Upfront costs for a tool aren’t the only expense a  buyer incurs. One moldmaker breaks down the actual costs to educate his clientele.

Nearly 30 years ago in Berlin, while studying engineering at night and working at a mold and die shop during the day, Helmut Mueller got his first glimpse of the American dream from an unlikely source: the Sears catalog. “I looked at [the catalog] and saw how much money you can earn and what you can buy,” Mueller explains. The catalog, its wares, and the promise of a high standard of living lured Mueller to the United States and Chicago where he once again found work in the tool and die trade. He eventually opened his own shop—Helm Tool Co. Inc. (Elk Grove Village, IL), which celebrated its 25th anniversary in September.

Over the last 25 years, times have changed, Mueller says. Sears no longer prints its direct-mail catalog, and if it did, the bulk of goods featured on its pages would be made overseas from start to finish, with many of the plastic components molded in foreign-made tools. Mueller has seen these changes firsthand in his own business and in that of other domestic moldmakers. As former president of the Chicago Chapter of the American Mold Builders Assn. (AMBA), he has attended meetings where toolmakers discuss their struggles to find an answer to the question of foreign competition. He watched as 68 mold shops went out of business in the Chicago area last year alone.

But rather than bemoan the state of domestic moldmaking while waiting for the U.S. government to possibly act on behalf of the industry, Mueller has taken proactive steps and altered his sales pitch to directly challenge what is widely perceived as foreign shops’ greatest advantage over their ailing American competition: cost.

Looking at the Whole Picture
After performing costly repairs on a number of foreign-made tools brought in by customers who were sold on low price, Mueller decided to add up the entire cost of a mold throughout its life—not just the initial sticker price. He calls this figure the total cost of ownership, and feels that in many cases it shows that foreign tools can have hidden costs, which make their actual price comparable to, if not greater than, U.S. molds (see Table 1 below). Mueller says many OEMs and molders have experienced the scenario laid out in his hypothetical mold purchase, but few have taken the time to break it down dollar-for-dollar.

 tool_domVSoversea.gif

Table 1.
Hypothetical one-year comparison
of domestic vs. overseas tool

“A lot of people know some of those things that I’ve written down,” Mueller explains, “but no one has really spelled it out because many who order [molds] don’t have this in-depth knowledge, and they need to be better informed. If they buy something, they need to understand what costs occur over the life of the tool, on top of the cheap, upfront price.”

Total cost of ownership addresses five areas: tool price, startup cost, lost production, productivity, and maintenance. Based on his experience, he generated the hypothetical scenario represented by Table 1, which compares the total cost to produce and run a domestic-made tool to a foreign-made tool.

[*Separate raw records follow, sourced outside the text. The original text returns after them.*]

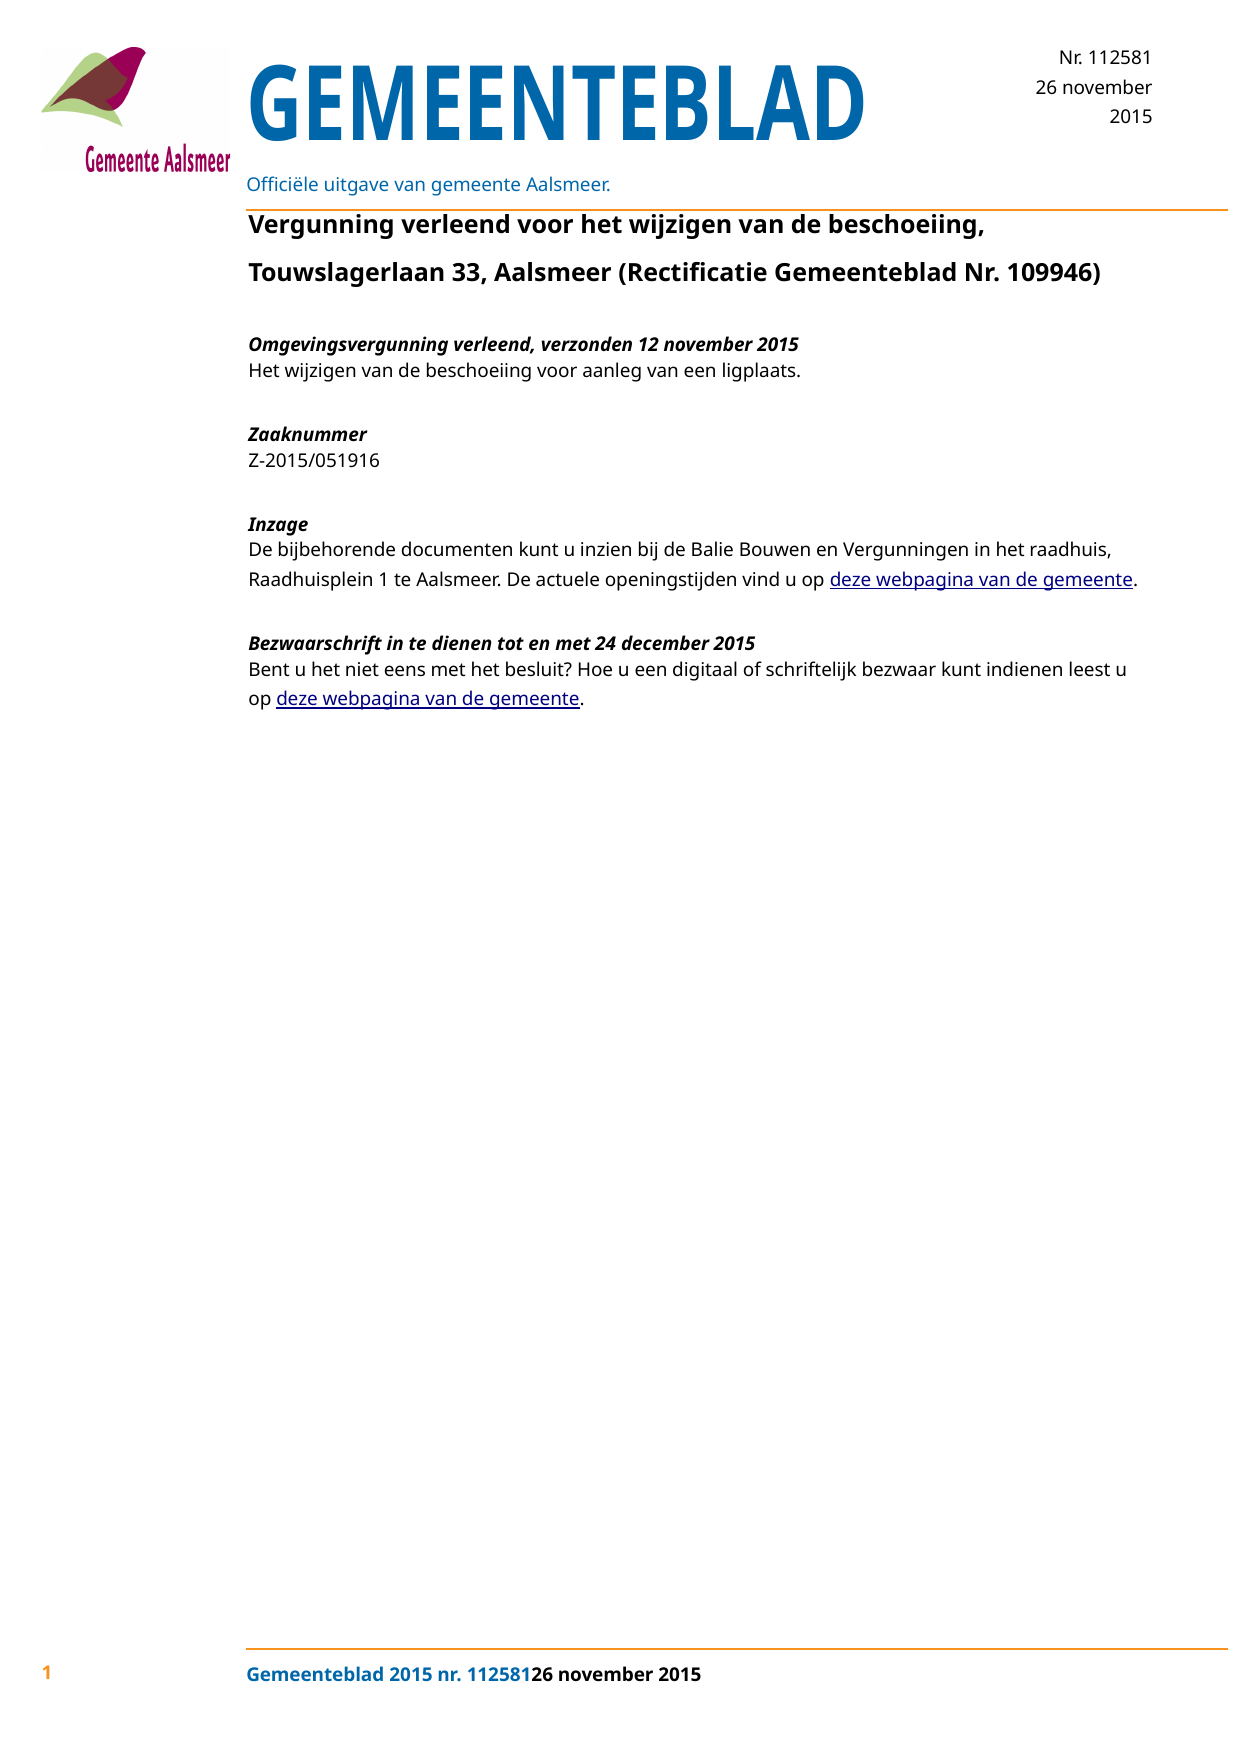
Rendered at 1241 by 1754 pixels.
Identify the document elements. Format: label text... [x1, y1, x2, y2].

picture [41, 47, 231, 172]
text Bent u het niet eens met het besluit? Hoe u een digitaal of schriftelijk bezwaar kunt indienen leest u op deze webpagina van de gemeente. [248, 656, 1152, 711]
text Z-2015/051916 [248, 447, 1152, 473]
text Het wijzigen van de beschoeiing voor aanleg van een ligplaats. [248, 357, 1152, 383]
text Bezwaarschrift in te dienen tot en met 24 december 2015 [248, 630, 1152, 656]
text De bijbehorende documenten kunt u inzien bij de Balie Bouwen en Vergunningen in het raadhuis, Raadhuisplein 1 te Aalsmeer. De actuele openingstijden vind u op deze webpagina van de gemeente. [248, 537, 1152, 592]
text Vergunning verleend voor het wijzigen van de beschoeiing, Touwslagerlaan 33, Aalsmeer (Rectificatie Gemeenteblad Nr. 109946) [248, 211, 1152, 288]
text Omgevingsvergunning verleend, verzonden 12 november 2015 [248, 331, 1152, 357]
text Inzage [248, 511, 1152, 537]
text Zaaknummer [248, 421, 1152, 447]

Tool price is the upfront cost paid to a moldmaker, which, in the case of many foreign shops, can be significantly lower than a domestic price. Startup costs include any modifications that need to be made to a tool before production runs. Lost production accounts for sales missed during an extended startup. Productivity relates to how the tool’s overall quality and design affect cycle times and production. Maintenance costs address adjustments due to poor design or inadequate steel or hardness.

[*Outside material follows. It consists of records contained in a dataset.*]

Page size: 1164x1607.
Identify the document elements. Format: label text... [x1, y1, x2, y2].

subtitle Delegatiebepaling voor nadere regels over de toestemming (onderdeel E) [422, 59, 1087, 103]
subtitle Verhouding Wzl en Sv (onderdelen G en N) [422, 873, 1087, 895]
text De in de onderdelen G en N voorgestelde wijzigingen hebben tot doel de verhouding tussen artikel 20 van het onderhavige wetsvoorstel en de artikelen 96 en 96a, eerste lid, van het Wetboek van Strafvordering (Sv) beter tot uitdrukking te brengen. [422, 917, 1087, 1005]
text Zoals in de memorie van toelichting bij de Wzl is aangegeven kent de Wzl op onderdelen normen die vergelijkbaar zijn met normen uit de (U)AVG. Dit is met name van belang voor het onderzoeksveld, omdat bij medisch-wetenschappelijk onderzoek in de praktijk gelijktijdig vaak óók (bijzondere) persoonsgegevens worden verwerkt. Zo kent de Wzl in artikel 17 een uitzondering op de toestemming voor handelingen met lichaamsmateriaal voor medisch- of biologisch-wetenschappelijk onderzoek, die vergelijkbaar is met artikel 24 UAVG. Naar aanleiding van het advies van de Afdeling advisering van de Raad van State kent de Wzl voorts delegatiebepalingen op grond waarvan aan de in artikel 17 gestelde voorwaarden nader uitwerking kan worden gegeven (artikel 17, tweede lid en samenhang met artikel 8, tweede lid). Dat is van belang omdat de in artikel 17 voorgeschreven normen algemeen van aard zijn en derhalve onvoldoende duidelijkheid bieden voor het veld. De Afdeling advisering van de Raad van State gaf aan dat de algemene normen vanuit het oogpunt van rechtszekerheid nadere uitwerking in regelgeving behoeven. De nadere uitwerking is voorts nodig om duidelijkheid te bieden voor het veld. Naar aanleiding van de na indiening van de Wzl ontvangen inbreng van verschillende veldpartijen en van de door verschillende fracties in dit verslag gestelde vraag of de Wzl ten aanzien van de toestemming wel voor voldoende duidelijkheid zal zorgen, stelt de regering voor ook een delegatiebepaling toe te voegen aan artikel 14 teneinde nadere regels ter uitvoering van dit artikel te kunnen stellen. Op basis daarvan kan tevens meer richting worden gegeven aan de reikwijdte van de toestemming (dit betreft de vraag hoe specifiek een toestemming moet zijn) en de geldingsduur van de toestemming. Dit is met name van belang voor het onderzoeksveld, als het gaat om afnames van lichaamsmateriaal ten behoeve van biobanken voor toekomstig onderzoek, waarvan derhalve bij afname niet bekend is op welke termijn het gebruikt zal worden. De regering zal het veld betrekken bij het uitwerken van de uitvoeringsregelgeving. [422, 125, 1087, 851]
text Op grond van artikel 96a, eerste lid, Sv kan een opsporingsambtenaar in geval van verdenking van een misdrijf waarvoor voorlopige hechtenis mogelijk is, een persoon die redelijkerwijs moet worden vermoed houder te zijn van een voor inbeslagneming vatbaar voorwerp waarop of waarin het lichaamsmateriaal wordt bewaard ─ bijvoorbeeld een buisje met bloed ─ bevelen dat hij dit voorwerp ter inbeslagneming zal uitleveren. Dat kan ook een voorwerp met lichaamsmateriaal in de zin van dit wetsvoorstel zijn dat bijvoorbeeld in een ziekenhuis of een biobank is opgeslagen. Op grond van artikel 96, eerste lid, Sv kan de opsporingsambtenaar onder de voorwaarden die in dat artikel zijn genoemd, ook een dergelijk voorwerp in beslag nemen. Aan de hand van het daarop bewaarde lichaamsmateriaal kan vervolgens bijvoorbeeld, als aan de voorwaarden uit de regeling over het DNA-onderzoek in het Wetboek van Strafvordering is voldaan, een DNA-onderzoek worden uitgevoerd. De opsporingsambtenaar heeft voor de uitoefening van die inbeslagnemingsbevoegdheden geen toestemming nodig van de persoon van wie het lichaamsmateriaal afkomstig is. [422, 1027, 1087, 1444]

Mueller has incorporated total cost of ownership into sales calls to point out the advantages domestic shops can offer, but he says U.S. molds can still be a tough sell.

Know What You’re Buying
With new customers, Mueller relies on one pitch. “[Total cost of ownership] is the only way I can get work from new customers, if they understand what they are buying or not buying. When they jeopardize production by saving on the tool, they end up paying a much higher price.”

Still, given their labor costs and a general lack of environmental or worker safety standards, Mueller admits that it’s sometimes impossible to compete with foreign shops on the basis of cost.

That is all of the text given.